The sound of history

Substantial collections of unique manuscript and printed music from the 18th and 19th centuries are to be made available to a wider scholarly audience thanks to new funding.

JISC has awarded the University £48,000 to catalogue its rare Welsh-owned collections, along with a collection acquired from the BBC Music Library (London). These collections, which constitute one of the largest music resources outside Oxbridge and London, complement the collection of rare books jointly secured for Wales by the University and the Welsh Government in 2009.

Cardiff's School of Music and the University Library Service, working in partnership with the international music database RISM (UK) and Royal Holloway, University of London, will catalogue the distinctive pieces and make the records openly available to researchers, teachers, performers, other libraries, and those with a general interest in the history of music and performance.

Professor David Wyn Jones, Head of Cardiff School of Music, said: "These collections are a particularly rich historical resource for scholars, teachers and performers of music, but have never before been included in a publicly available catalogue. The JISC funding will allow us to bring more than 2,500 records of rare music research material to the attention of a wider audience for the first time since they were collected."

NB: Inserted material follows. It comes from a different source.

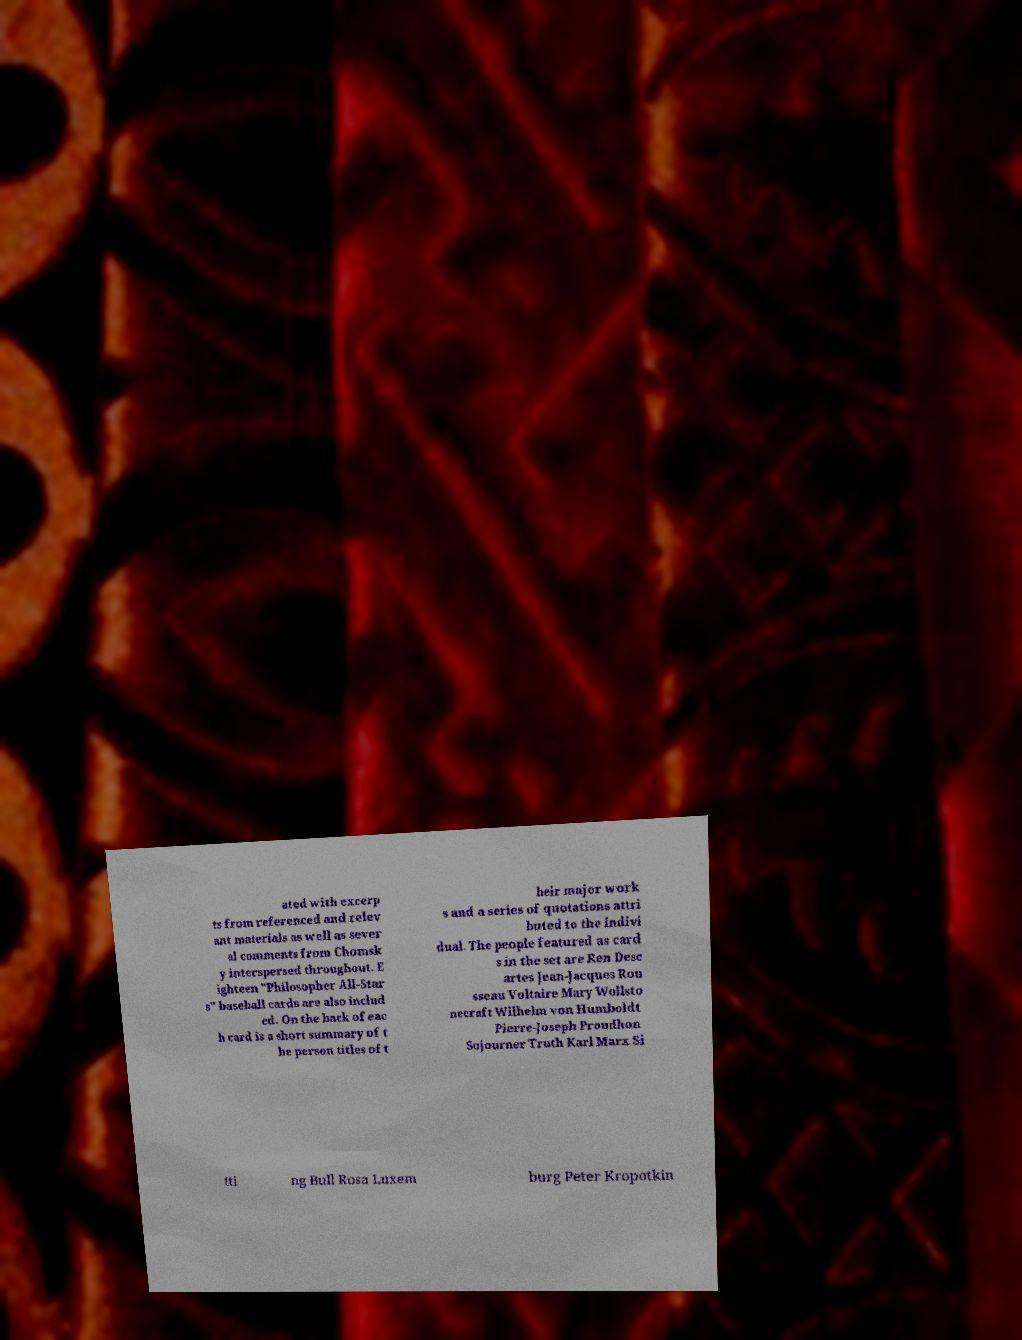Could you assist in decoding the text presented in this image and type it out clearly? ated with excerp ts from referenced and relev ant materials as well as sever al comments from Chomsk y interspersed throughout. E ighteen "Philosopher All-Star s" baseball cards are also includ ed. On the back of eac h card is a short summary of t he person titles of t heir major work s and a series of quotations attri buted to the indivi dual. The people featured as card s in the set are Ren Desc artes Jean-Jacques Rou sseau Voltaire Mary Wollsto necraft Wilhelm von Humboldt Pierre-Joseph Proudhon Sojourner Truth Karl Marx Si tti ng Bull Rosa Luxem burg Peter Kropotkin

Janet Peters, Director of University Libraries in the University's Information Services Directorate, added: "The addition of these manuscripts and resources further develops the historical and rare collections held by the University's Special Collections and Archives (SCOLAR). Enabling academics and musicians to access these historical music collections will help to increase our understanding of the role that music has played in society over the ages."

The Mackworth Collection of manuscripts was built up over several generations of the Mackworth family, whose family seat was at Neath's Gnoll Castle, beginning with industrialist Sir Herbert Mackworth (1739-91). Subsequent generations built up the collection, which contains music manuscripts from the 16th to the 18th centuries, together with printed music and books of the same era.

The Aylward Collection, amassed by Theodore Edward Aylward (1844-1933) contains more than 700 items, including a quantity of material on sacred works, songs and singing, dramatic music, and orchestral music. Aylward was cathedral organist at Llandaff, conductor of the Cardiff Musical Society and chorus-master for the Cardiff Triennial Festival.

The BBC Collection of 18th and 19th century printed music, first compiled in the 1950s to serve the needs of producers preparing broadcast material for Radio 3, was acquired from the BBC Music Library (London) to complement material in the Mackworth and Aylward collections.

The project will draw on academic and IT expertise and professional library expertise at Cardiff University, the British Library, Queen's University Belfast, Royal Holloway and the University of Utrecht. The funding will also cover the appointment of two specialist Music Cataloguers, who will be based at Cardiff for six months.